What’s the overall spec of the machine the MongoDB server is running, and are you running MongoDB in the same machine as other resource-intensive processes such as another server?

My hardware info:

  • VivoBook-ASUSLaptop-X712FA
  • Intel® Core™ i5-8265U CPU @ 1.60GHz
  • 15,5 GiB
  • 498,7 GB

are you running MongoDB in the same machine as other resource-intensive processes such as another server?

No.

The real data is much larger. Consequently, with real $or -based queries and real collections, execution time skyrockets to many hours or days.

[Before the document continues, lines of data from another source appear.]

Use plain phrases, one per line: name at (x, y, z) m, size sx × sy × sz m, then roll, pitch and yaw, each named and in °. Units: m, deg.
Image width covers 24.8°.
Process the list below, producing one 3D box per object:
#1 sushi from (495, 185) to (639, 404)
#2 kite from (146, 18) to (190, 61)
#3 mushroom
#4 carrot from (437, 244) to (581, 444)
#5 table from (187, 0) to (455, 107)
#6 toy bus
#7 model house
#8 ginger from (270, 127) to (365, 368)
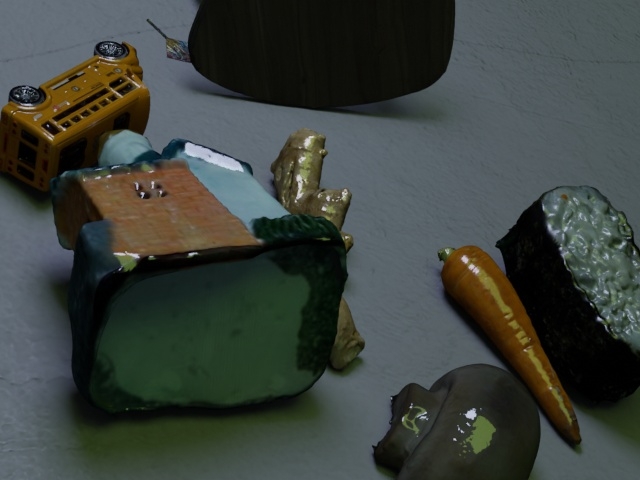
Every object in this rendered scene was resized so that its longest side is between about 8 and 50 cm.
sushi at (0.277, 0.058, 1.536) m, size 0.124 × 0.127 × 0.225 m, roll -7°, pitch 60°, yaw -34°
kite at (-0.168, -0.231, 1.681) m, size 0.044 × 0.002 × 0.078 m, roll -7°, pitch 53°, yaw -33°
mushroom at (0.143, 0.182, 1.364) m, size 0.141 × 0.117 × 0.188 m, roll 36°, pitch 36°, yaw -8°
carrot at (0.203, 0.100, 1.509) m, size 0.061 × 0.061 × 0.256 m, roll -15°, pitch 59°, yaw -38°
table at (-0.035, -0.329, 1.704) m, size 0.317 × 0.317 × 0.249 m, roll 5°, pitch 33°, yaw -24°
toy bus at (-0.238, -0.126, 1.471) m, size 0.088 × 0.083 × 0.194 m, roll 31°, pitch 41°, yaw 18°
model house at (-0.143, 0.001, 1.355) m, size 0.253 × 0.184 × 0.291 m, roll -7°, pitch 41°, yaw -29°
ginger at (0.000, 0.000, 1.488) m, size 0.089 × 0.075 × 0.288 m, roll -20°, pitch 51°, yaw 9°

From the link you posted, it seems that the collection size are about 25GB, and there are two of them. So worst case, total of a 50GB collection. Is this correct?

My hardware info:

  • VivoBook-ASUSLaptop-X712FA
  • Intel® Core™ i5-8265U CPU @ 1.60GHz
  • 15,5 GiB
  • 498,7 GB

If I understand correctly, the total collection size absolutely dwarfs the total available RAM in the machine. Unfortunately this makes it somewhat impossible to have good performance, given that there is not enough hardware to cater for the magnitude of the data you’re working with. This is something that is not MongoDB specific, by the way. I believe you would see similar performance issues using any other database products in the market.

Depending on your requirements, you might be interested in checking out MongoDB Atlas, since it would allow you to scale your deployment up (or down) depending on your query needs. I understand that you may not need to have the query returned in seconds using the biggest deployment, but you may find it easier to get a good balance between price & performance using Atlas.

Best regards
Kevin

Let’s additionally discuss examples of highly truncated data. I think this small data is enough to demonstrate problems on the MongoDB side.

I’ve explored the memory usage of the longest (~21m) query. It looks like the problem is not there. Here is the memory consumption before running the query:

After about 15 minutes of calculations, the memory expense increased only slightly:

I still ask the MongoDB developers to optimize the DBMS for typically bioinformatic queries.